Laparoscopic Roux-en-Y gastric bypass (LRYGB) is an effective treatment for morbid obesity, but might aggravate gastrointestinal complaints and food intolerance. The long-term prevalence of these symptoms has not been well studied.

Methods:

In a cross-sectional study, all patients who underwent primary LRYGB from May to October 2012 were approached 2 years after surgery to complete a general health questionnaire, the Gastrointestinal Symptom Rating Scale (GSRS), and a food intolerance questionnaire. The results were compared with those for a control group of morbidly obese patients.

Results:

A total of 249 patients were included for analysis, representing a response rate of 93·9 per cent. Mean(s.d.) total weight loss was 30·8(8·7) per cent. The total mean GSRS score was higher in patients who had LRYGB (median 2·19 versus 1·75 in unoperated patients; P < 0·001); the difference in symptoms of indigestion was most notable (P < 0·001).

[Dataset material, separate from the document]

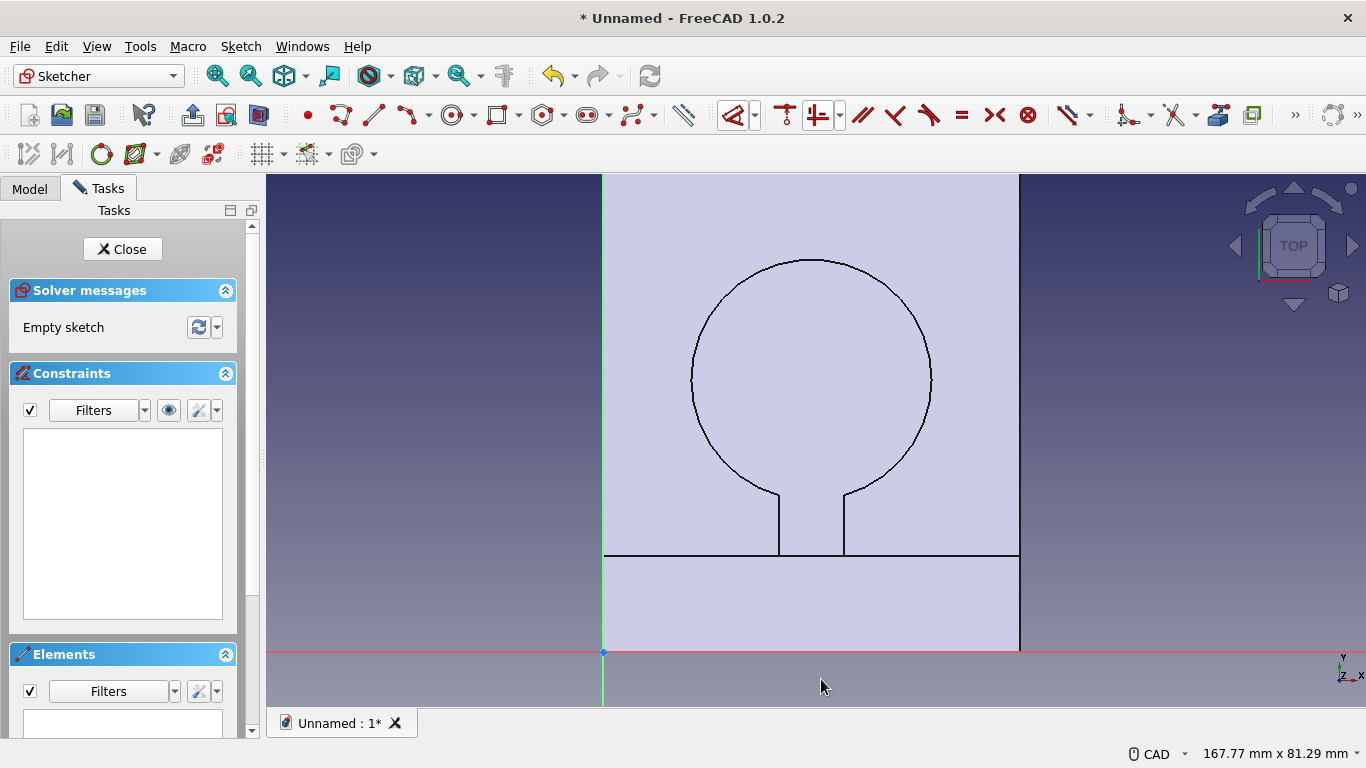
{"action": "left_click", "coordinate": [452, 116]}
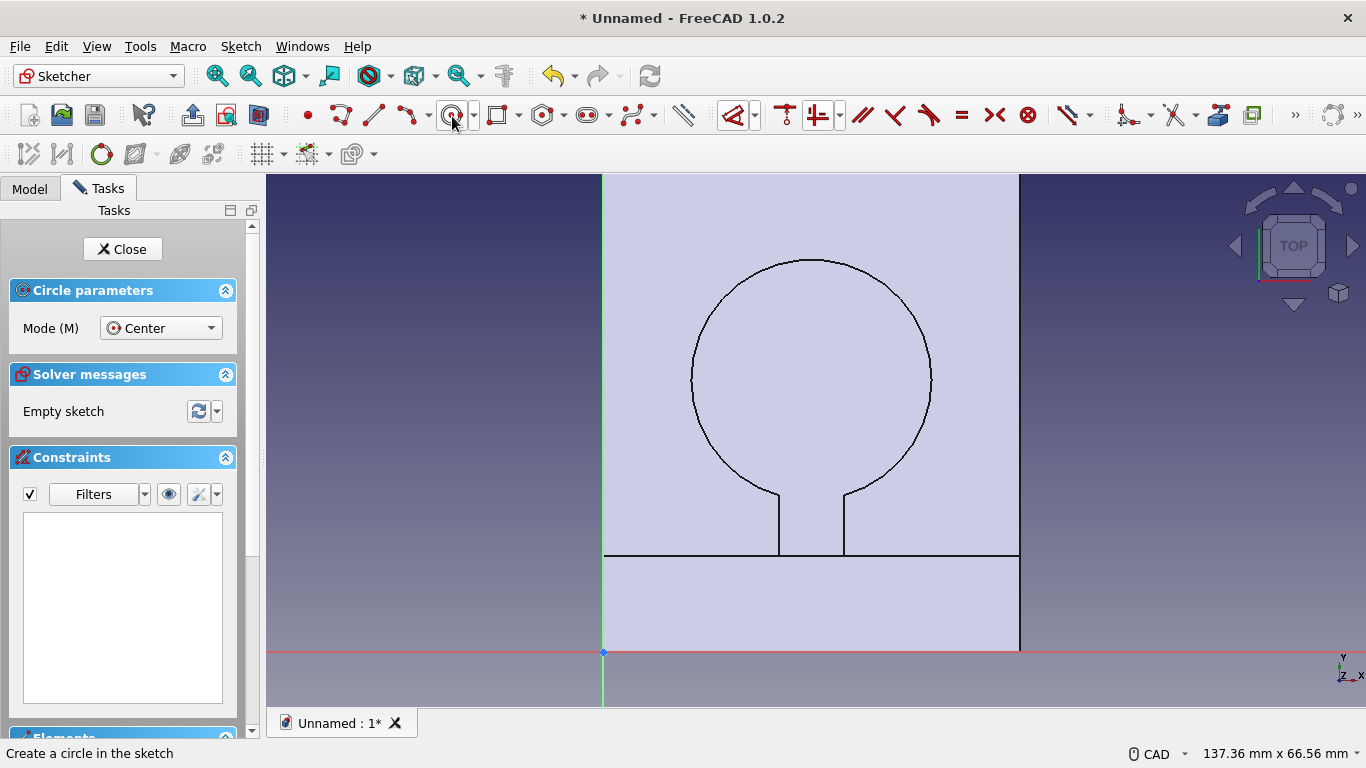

Food intolerance for specific products was reported by 70·7 (95 per cent c.i. 64·8 to 76·0) per cent of the postoperative patients, for a median of 4 foods. There was a positive correlation between food intolerance and score on the GSRS. There was no correlation between either food intolerance or the total mean GSRS score and weight loss, but there was a correlation between weight loss and abdominal pain.

Conclusion:

At 2 years after surgery, patients undergoing LRYGB for morbid obesity have more gastrointestinal complaints than obese controls. Food intolerance is a common side-effect of LRYGB independent of degree of weight loss or the presence of other abdominal symptoms.